## Prompt
Copy every line of the records that includes the word "flowers".

## Material for the task

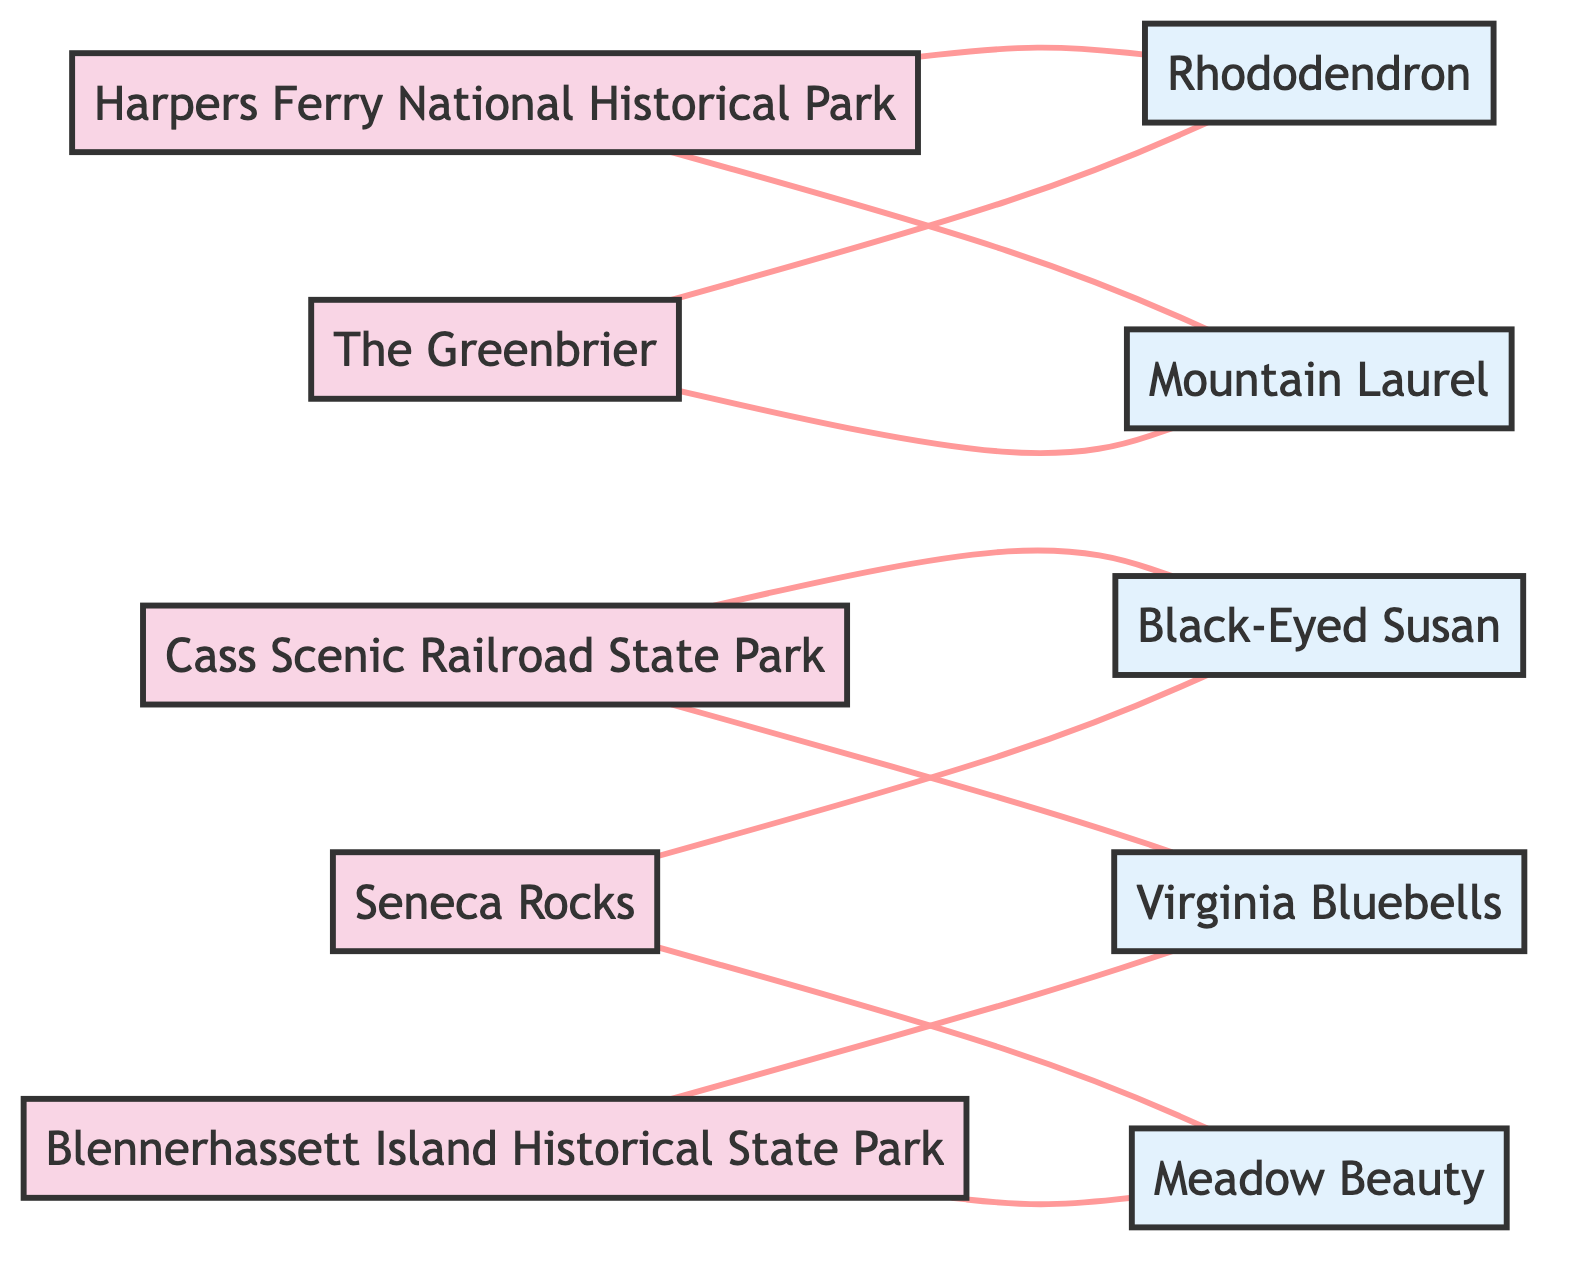What is the number of historical landmarks in the diagram? The diagram lists five distinct historical landmarks: Harpers Ferry National Historical Park, Cass Scenic Railroad State Park, The Greenbrier, Seneca Rocks, and Blennerhassett Island Historical State Park. By counting these nodes, we find there are five.
Answer: 5 Which flower is connected to Harpers Ferry National Historical Park? In the diagram, Harpers Ferry National Historical Park is directly connected to both Rhododendron and Mountain Laurel. Thus, these are the flowers associated with this landmark.
Answer: Rhododendron, Mountain Laurel How many edges connect to Cass Scenic Railroad State Park? Examining the diagram, Cass Scenic Railroad State Park is connected to two flowers: Black-Eyed Susan and Virginia Bluebells. This means there are two edges connected to this landmark.
Answer: 2 Is there any overlap in the flowers associated with The Greenbrier and Harpers Ferry National Historical Park? The Greenbrier is connected to Rhododendron and Mountain Laurel, while Harpers Ferry National Historical Park is also connected to Rhododendron and Mountain Laurel. Therefore, there is an overlap of these two flowers between the two landmarks.
Answer: Yes Which flower is linked to both Seneca Rocks and Blennerhassett Island Historical State Park? From the information available, Meadow Beauty is connected to Seneca Rocks and also linked to Blennerhassett Island Historical State Park. This indicates a common connection point for both landmarks.
Answer: Meadow Beauty How many unique flowers are represented in the diagram? The diagram lists the following unique flowers: Meadow Beauty, Rhododendron, Mountain Laurel, Black-Eyed Susan, and Virginia Bluebells. Counting these, we find there are five unique flower species represented overall.
Answer: 5 Which landmark has the most connections to flowers? By analyzing the connections, both Harpers Ferry National Historical Park and The Greenbrier are connected to two different flowers each, Rhododendron and Mountain Laurel. This indicates that multiple landmarks share the same number of connections, leading to a tie.
Answer: Harpers Ferry National Historical Park, The Greenbrier What is the relationship between Seneca Rocks and Black-Eyed Susan? In the diagram, there is a direct edge connecting Seneca Rocks to Black-Eyed Susan, indicating that Black-Eyed Susan is associated with this historical landmark.
Answer: Connected

## Reply to the task
Answer: 5 Which flower is connected to Harpers Ferry National Historical Park? In the diagram, Harpers Ferry National Historical Park is directly connected to both Rhododendron and Mountain Laurel. Thus, these are the flowers associated with this landmark.
Answer: Rhododendron, Mountain Laurel How many edges connect to Cass Scenic Railroad State Park? Examining the diagram, Cass Scenic Railroad State Park is connected to two flowers: Black-Eyed Susan and Virginia Bluebells. This means there are two edges connected to this landmark.
Answer: 2 Is there any overlap in the flowers associated with The Greenbrier and Harpers Ferry National Historical Park? The Greenbrier is connected to Rhododendron and Mountain Laurel, while Harpers Ferry National Historical Park is also connected to Rhododendron and Mountain Laurel. Therefore, there is an overlap of these two flowers between the two landmarks.
Answer: Meadow Beauty How many unique flowers are represented in the diagram? The diagram lists the following unique flowers: Meadow Beauty, Rhododendron, Mountain Laurel, Black-Eyed Susan, and Virginia Bluebells. Counting these, we find there are five unique flower species represented overall.
Answer: 5 Which landmark has the most connections to flowers? By analyzing the connections, both Harpers Ferry National Historical Park and The Greenbrier are connected to two different flowers each, Rhododendron and Mountain Laurel. This indicates that multiple landmarks share the same number of connections, leading to a tie.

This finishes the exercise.